When Deputy President Rigathi Gachagua openly proclaimed that he had rallied his Mt Kenya region support base in Parliament behind the successful East African Legislative Assembly (EALA) bid of former Kieni MP Kanini Kega, he would not have been so naïve as to expect that President William Ruto would not take note.

What the Deputy President was publicly affirming, though not in so many words, was that he had mobilised the Mt Kenya bloc within the governing Kenya Kwanza Alliance to defy the President and back a candidate fronted by opposition leader Raila Odinga’s Azimio la Umoja-One Kenya coalition.

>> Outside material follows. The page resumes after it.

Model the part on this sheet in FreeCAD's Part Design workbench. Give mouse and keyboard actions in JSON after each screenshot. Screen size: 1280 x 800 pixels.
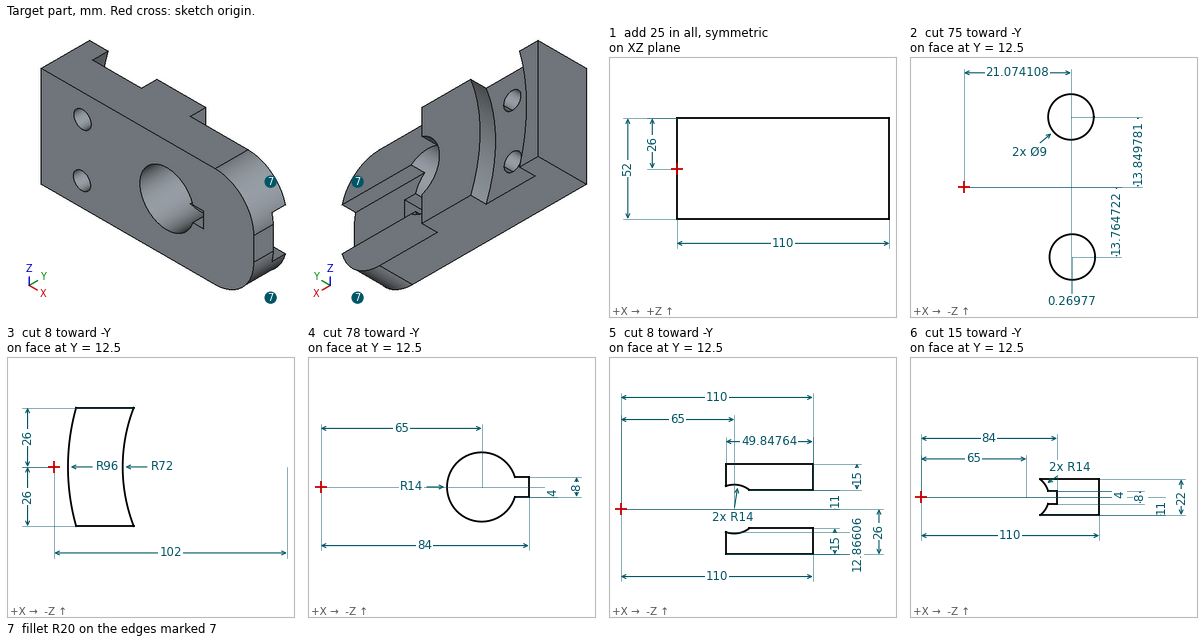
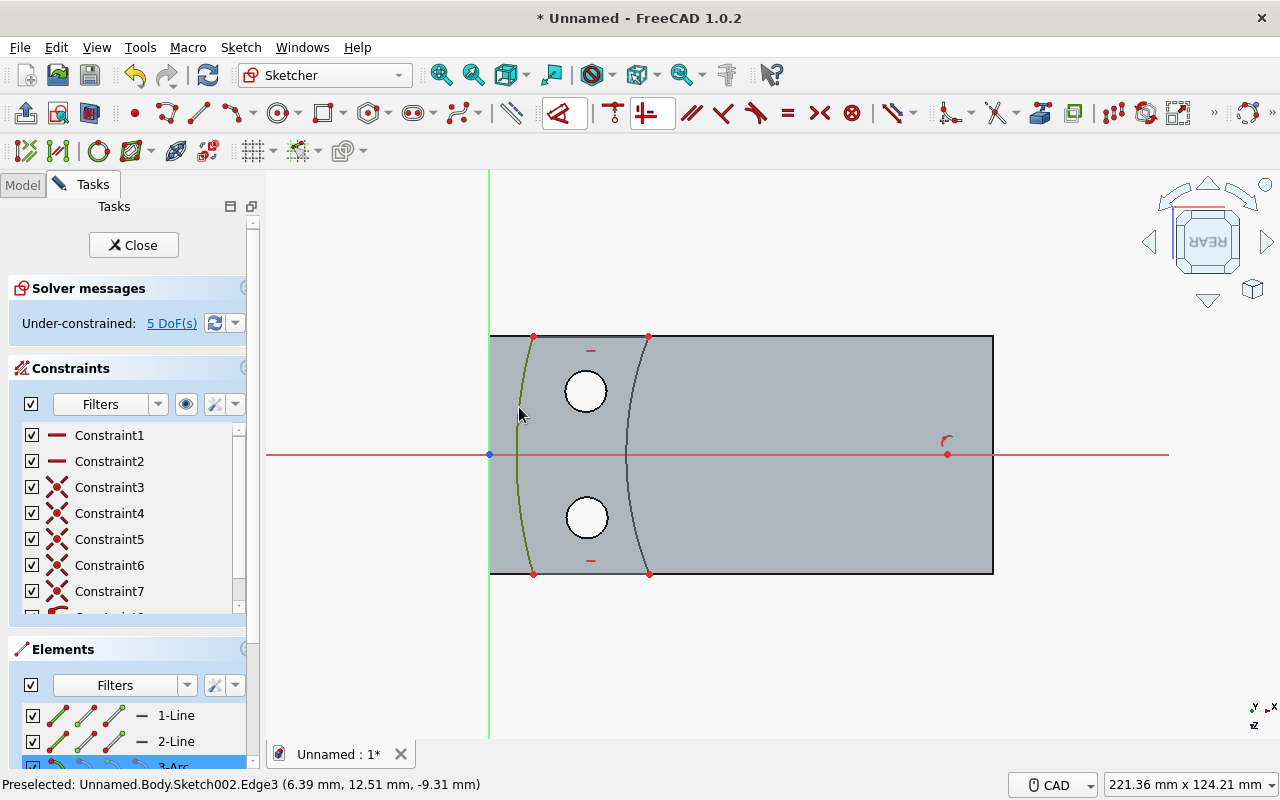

Though both Ruto and Gachagua have since dismissed talk of a split and insisted that Kenya Kwanza remains united, the apparent rebellion over the EALA vote cannot be glossed over. It is a reflection of simmering tensions already evident between the two biggest ethnic and regional blocs over issues such as appointments to key government offices including Principal Secretaries, Cabinet Administrative Secretaries, diplomatic postings, and heads of state corporations, statutory and constitutional bodies.

At first glance, and as he is publicly proclaiming, all the manoeuvres are about Gachagua moving to rally the Mt Kenya communities — the Kikuyu and the affiliated Meru and Embu blocs — behind the Ruto government.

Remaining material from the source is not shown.